Britain Hopkins

Summer Instruction, Other


Research interests include debt and indebtedness in contemporary society, market governance, and histories and geographies of liberalism.

My current book project, Indebted Subjects: The Making of the Student Loan Industry in a Neoliberalizing United States, examines the origins of the U.S. student loan industry between 1958 and 1973. It illuminates the federal-private partnerships which shaped the student loan industry at its inception while foregrounding how student loans have been used as a racializing and gendered technology to push back against the wins of the Civil Rights and feminist movements by tethering access to higher education to market incorporation. Complimentary to this, I am developing a program of archival research which looks at ways in which the burgeoning U.S. student loan industry influenced Chile’s initial program of student loans, which originated in the early 1980s.
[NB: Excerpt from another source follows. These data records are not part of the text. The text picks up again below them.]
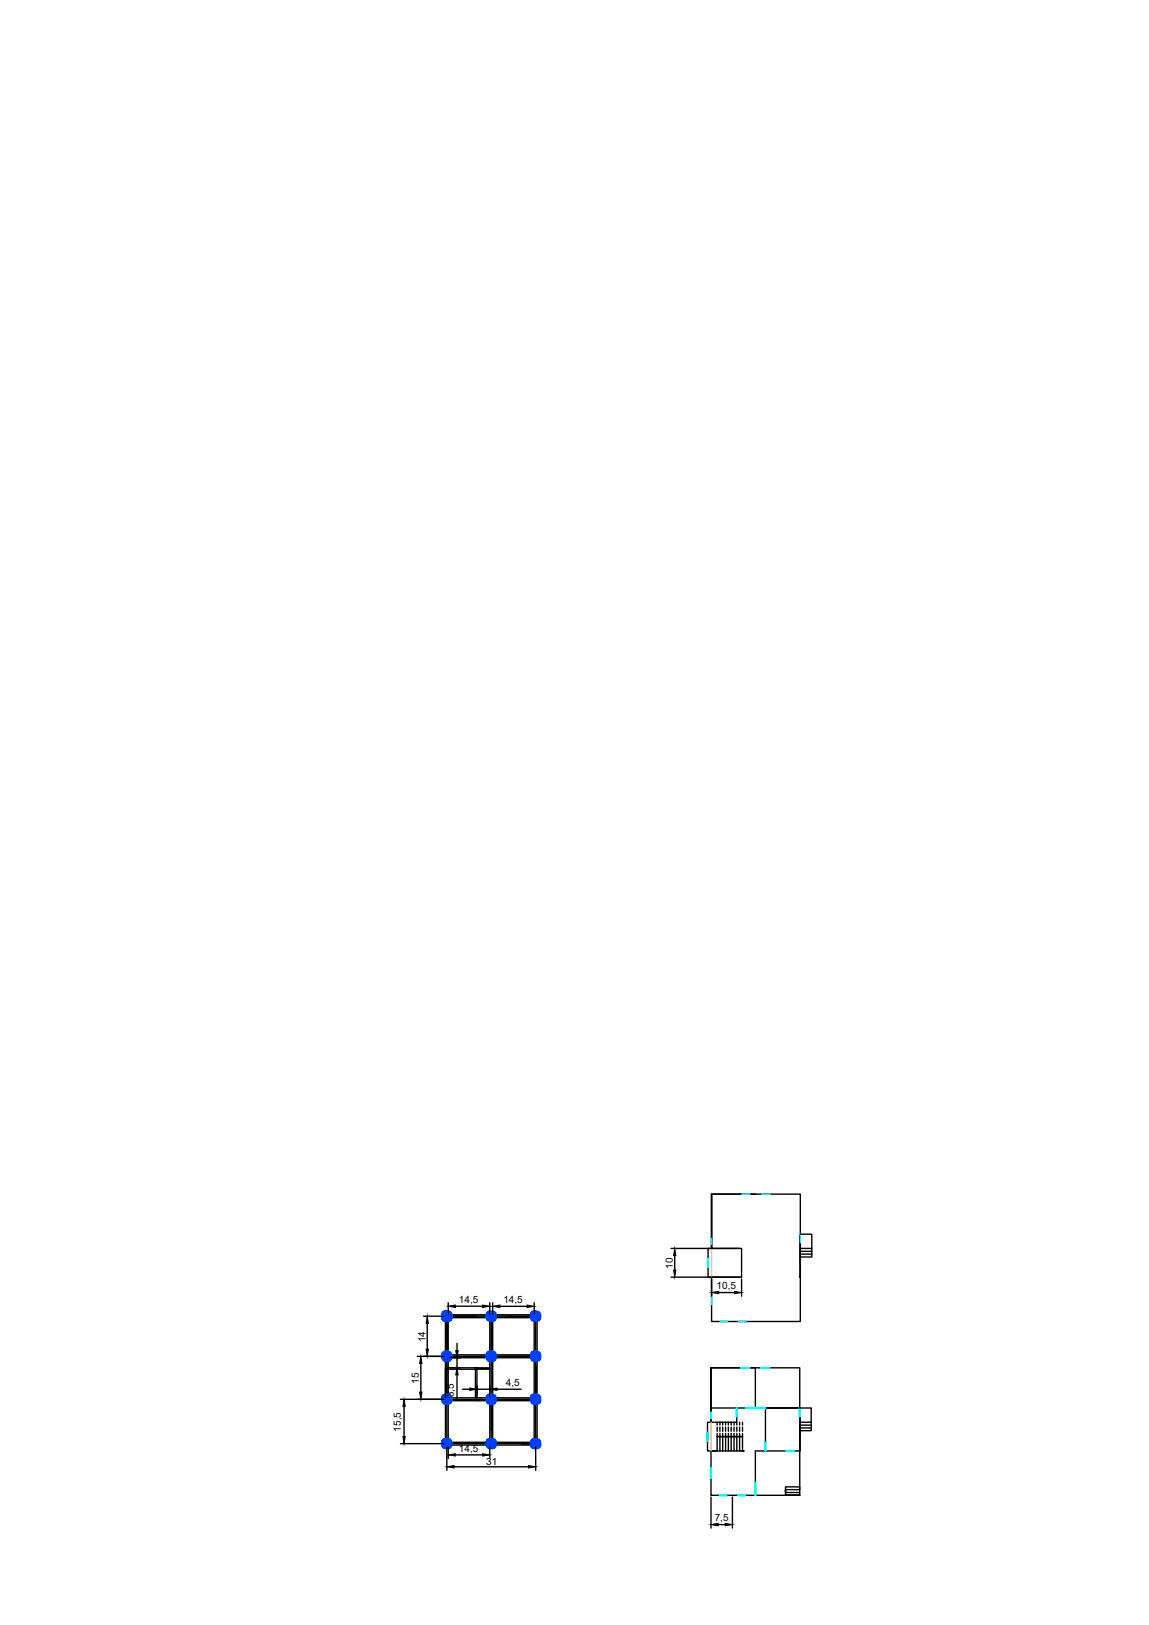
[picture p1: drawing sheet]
<svg xmlns="http://www.w3.org/2000/svg" width="210mm" height="297mm" viewBox="0 0 210 297" stroke-linecap="round" stroke-linejoin="round" font-family="sans-serif">
<defs><g id="words">
<g font-size="1.8">
<text x="122.9" y="231.9" transform="rotate(-90 122.9 231.9)">10</text>
<text x="83.8" y="238.2">14,5</text>
<text x="92" y="238.2">14,5</text>
<text x="130.9" y="235.7">10,5</text>
<text x="77.7" y="245.3" transform="rotate(-90 77.7 245.3)">14</text>
<text x="76.5" y="252.9" transform="rotate(-90 76.5 252.9)">15</text>
<text x="82.9" y="255.4" transform="rotate(-90 82.9 255.4)">3,5</text>
<text x="92.4" y="253.4">4,5</text>
<text x="73.2" y="261.7" transform="rotate(-90 73.2 261.7)">15,5</text>
<text x="83.8" y="265.4">14,5</text>
<text x="88.8" y="267.8">31</text>
<text x="130.6" y="278.1">7,5</text>
</g>
</g></defs>
<!-- layer: 0 -->
<g fill="none" stroke="#000" stroke-width=".25">
<path d="M130 218.3v9.9h5.5v5.3h-12.9M138.1 218.3h-8.1v9.9M81.9 238.1v2.2M83.2 238.8h5M89.5 238.1v2.2M90 238.1v2.2M91.3 238.8h5M97.6 238.1v2.2M122.6 228.2h12.6M123.3 229.5v2.6M130 228.2v-9.9h16.2v15.2M130 233.5v8.1h16.2v-8.1"/>
<path d="M130 228.2h-.6v5.3h1.7M130 233.8v3.1M131.3 236.3h2.9M135.5 233.8v3.1M146.1 233.5h.1v-7.9v7.9M146.2 228.2h2.1v-2.6h-2.1v5.2M146.2 228.7h2.1M146.2 229.2h2.1M148.3 228.2v1.6h-2.1M73.2 255.8h7.8M73.8 257.1v5.5M76.2 247.9h4.8"/>
<path d="M76.9 249.2v5.3M77.4 240.6h3.6M78 241.9v4.7M81.4 255.5h.5v.5h-.5zM81.4 247.7h.5v.5h-.5zM81.4 255.5v-5.2h5.5v5.2M81.4 250h8.1v.3h-2.6v-.3h.2v5.5M81.4 240.6v23.3M81.6 247.7v-6.8v6.8M81.6 256h16.3v7.6h-16.3zM81.6 240.9h16.3v6.8h-16.3zM81.6 248.2v7.3"/>
<path d="M81.6 255.5h8.1M81.6 240.3h16.3M81.9 240.3v.6v-.6h-.5v.6h.5M81.9 255.8h7.6M82.2 248.2h1.9M82.2 250h1.9M83.5 245.6v1.3M83.5 248.2v1.8M83.5 251.3v4.4M84.5 253.9h1.3M87.1 253.3v1.9M87.1 253.9h2.4"/>
<path d="M87.9 247.9h-6v-7.3h7.6v23.3M89.5 240.3h.5v.6h-.5zM89.5 247.9h-7.6v16h7.6M89.7 240.9v6.8M89.7 248.2v7.3M89.7 256v7.6M90 240.6h7.6v23.3h-7.6zM90 247.9h7.6M90 255.8h7.6M90.8 253.9h4.4M97.6 255.5h.5v.5h-.5zM97.6 240.3h.5v.6h-.5z"/>
<path d="M97.6 247.7h.5v.5h-.5zM97.9 255.5v-7.3v7.3M97.9 248.2v7.3h-8.2M97.9 248.2h-16.3v7.3M97.9 248.2v7.3M98.1 240.6v23.3M129.9 260v-10h16.2v15.2M129.9 250h8.1v7.4M129.9 257.4v2.6h4.7v-1.1M129.9 250v7.4h6.3M129.9 260h-.6v5.2h1.7v-2.6M129.9 250v10"/>
<path d="M131 260v.5M131.5 260v.5M132 260v.5M132.6 260v.5M133.1 260v.5M133.6 260v.5M134.1 260v.5M134.6 260v.5M135.1 260v.5M135.6 260v.5M146.1 257.4h-6.3h6.3v5.2M146.1 257.4v7.8v-7.8h-6.3v6.2"/>
<path d="M146.1 257.4h2.1v2.6h-2.1M148.2 260v1.5h-2.1M73.2 263.9h7.8M81.4 263.6h.5h-.5v.5h.5v-.5M81.6 264.1h16.5v-.5h-.5v.5M81.6 264.5v4.3M81.9 264.5v2.1M82.9 268.1h13.6M83.2 265.9h5M89.5 264.5v2.1M90 263.6v.5h-.5v-.2M95.2 263.9h2.4h-2.4"/>
<path d="M97.9 262.3v.6M97.9 264.5v4.3M129.9 273.6v5.7M131 262.6h4.6M131 260.9v.7M131 262v.6M131.2 278.7h1.3M131.5 260.9v.7M131.5 262v3.2M132 260.9v.7M132 262v3.2M132.6 260.9v.7"/>
<path d="M132.6 262v3.2M133.1 260.9v.7M133.1 262v3.2M133.6 260.9v.7M133.6 262v3.2M133.8 273.6v5.7M134.1 260.9v.7M134.1 262v3.2M134.6 260.9v.7M134.6 262v3.2M135.1 260.9v.7M135.1 262v3.2"/>
<path d="M135.6 262.6v2.6h.3h-6v8.1h16.2v-8.1M135.6 260.9v.7M135.6 262v.6M146.1 272.8h-2.6v-.5h2.6v-.5h-2.6v1.5h2.6h-2.6M146.1 265.2h-8.1v5.8M146.1 260.5h2.1M146.1 261h2.1"/>
</g>
<!-- layer: Openings -->
<g fill="none" stroke="#0ff" stroke-width=".25">
<path d="M135.5 218.3h1.6M139.2 218.3h1.5M129.3 230h.2v1.6h-.2zM129.4 230v1.6M130 226.4v1M130 236.6v1.8M146.1 225.6h.2M146.2 225.6v1.6M81.6 248.7v1.1M87.1 240.6h1.6M87.9 247.9h1.6M90 247.9h1.6"/>
<path d="M90.8 240.6h1.6M95.4 255.8h1.4M97.9 248.2v1.3M129.8 258.2h.2v1h-.2zM129.9 258.2v1M131.6 241.6h1.3M134.5 257.4v1.5h.2v-1.5M134.6 257.4v1.5M135 241.6h1.3M135.4 249.9h1.6v.2h-1.6zM135.4 250h1.6M136.2 257.3h1.8v.2h-1.8z"/>
<path d="M136.2 257.4h3.6M138 257.3h1.8v.2h-1.8M139.1 249.9h1.5v.2h-1.5zM139.1 250h1.5M146 257.4h.2v1.5h-.2zM146.1 257.4v1.5M129.1 261.8h.3v1.6h-.3zM129.3 261.8v1.6M129.8 268.4h.2v1.8h-.2zM129.9 268.4v1.8M131.5 273.2h1.3v.2h-1.3zM131.5 273.3h1.3"/>
<path d="M134.9 273.2h1.3v.2h-1.3zM134.9 273.3h1.3M137.9 273.3v-2.3h.2v2.3M138 271v2.3M139.7 265.2v-1.6h.2v1.6M139.8 263.6v1.6M143.6 265.1h1.5v.2h-1.5zM143.6 265.2h1.5"/>
</g>
<!-- layer: Dotted -->
<g fill="none" stroke="#ffbf7f" stroke-width=".25">
<path d="M130 228.2v.3M130 228.7v.3M130 229.1v.3M130 229.6v.3M130 230v.3M130 230.4v.4M130 230.9v.3M130 231.4v.3M130 231.8v.3M130 232.2v.3M130 232.7v.3M130 233.2v.3"/>
<path d="M129.9 260v.3M129.9 260.4v.3M129.9 260.9v.3M129.9 261.3v.3M129.9 261.8v.3M129.9 262.2v.3M129.9 262.7v.3M129.9 263.1v.3M129.9 263.6v.3M129.9 264v.3M129.9 264.5v.3M129.9 264.9v.3"/>
</g>
<!-- layer: 0 -->
<g fill="#000" stroke="#000" stroke-width=".18">
<path d="M81.9 238.8l1.3-.2v.4zM88.2 238.6l1.3 .2-1.3 .2zM90 238.8l1.3-.2v.4zM96.3 238.6l1.3 .2-1.3 .2zM123 232.1h.5l-.2 1.4zM123.3 228.2l.2 1.3h-.5zM130 236.3l1.3-.2v.4zM134.2 236.1l1.3 .2-1.3 .2zM73.8 255.8l.2 1.3h-.4zM76.9 247.9l.2 1.3h-.4zM76.7 254.5h.4l-.2 1.3zM78 240.6l.3 1.3h-.5z"/>
<path d="M77.8 246.6h.5l-.3 1.3zM83.3 246.9h.4l-.2 1.3zM83.5 250l.2 1.3h-.4zM85.8 253.7l1.3 .2-1.3 .3zM89.5 253.9l1.3-.2v.5zM73.6 262.6h.4l-.2 1.3zM81.6 268.1l1.3-.2v.4zM81.9 265.9l1.3-.2v.5zM88.2 265.7l1.3 .2-1.3 .3zM96.5 267.9l1.4 .2-1.4 .2zM129.9 278.7l1.3-.2v.4zM132.5 278.5l1.3 .2-1.3 .2z"/>
</g>
<!-- layer: Columns -->
<path d="M81.4 240.3v.6h.5v-.6h-.5h.5v.6h-.5zM81.4 247.7h.5v.5h-.5zM81.4 255.5h.5v.5h-.5zM89.5 240.3h.5v.6h-.5zM89.5 247.7h.5v.5h-.5zM89.5 255.5h.5v.5h-.5zM97.6 240.3h.5v.6h-.5zM97.6 247.7h.5v.5h-.5zM97.6 255.5h.5v.5h-.5zM81.4 263.6h.5v.5h-.5zM89.5 263.6h.5v.5h-.5zM97.6 263.6h.5v.5h-.5z" fill="none" stroke="#003fff" stroke-width="1.6"/>
<use href="#words"/>
</svg>

More broadly, this research speaks to my interests in tracing U.S. empire, its forms of governance, and modes of citizenship through its relationship with liberal political economy and markets. To this effect, I have published articles or have articles forthcoming in the Journal of American History, Cultural Politics, the Annals of the Association of American Geographers, and Environment and Planning D: Society and Space. I have also designed and teach two courses at Wellesley which speak to my interests in U.S. global and domestic governance: ‘Feminist geopolitics: War, militarism, and everyday life’ (SOC 223) and ‘Contemporary politics of debt and indebtedness’ (SOC 229).

A geographer by training, I was Lecturer in Human Geography at St John’s College, University of Oxford, during the 2020-2021 academic year and taught topics from across the discipline, with a focus on Marxist and feminist approaches to market governance in historical and contemporary perspective. I completed my doctoral work in Geography as a Clarendon Fellow at Brasenose College, Oxford, in 2021.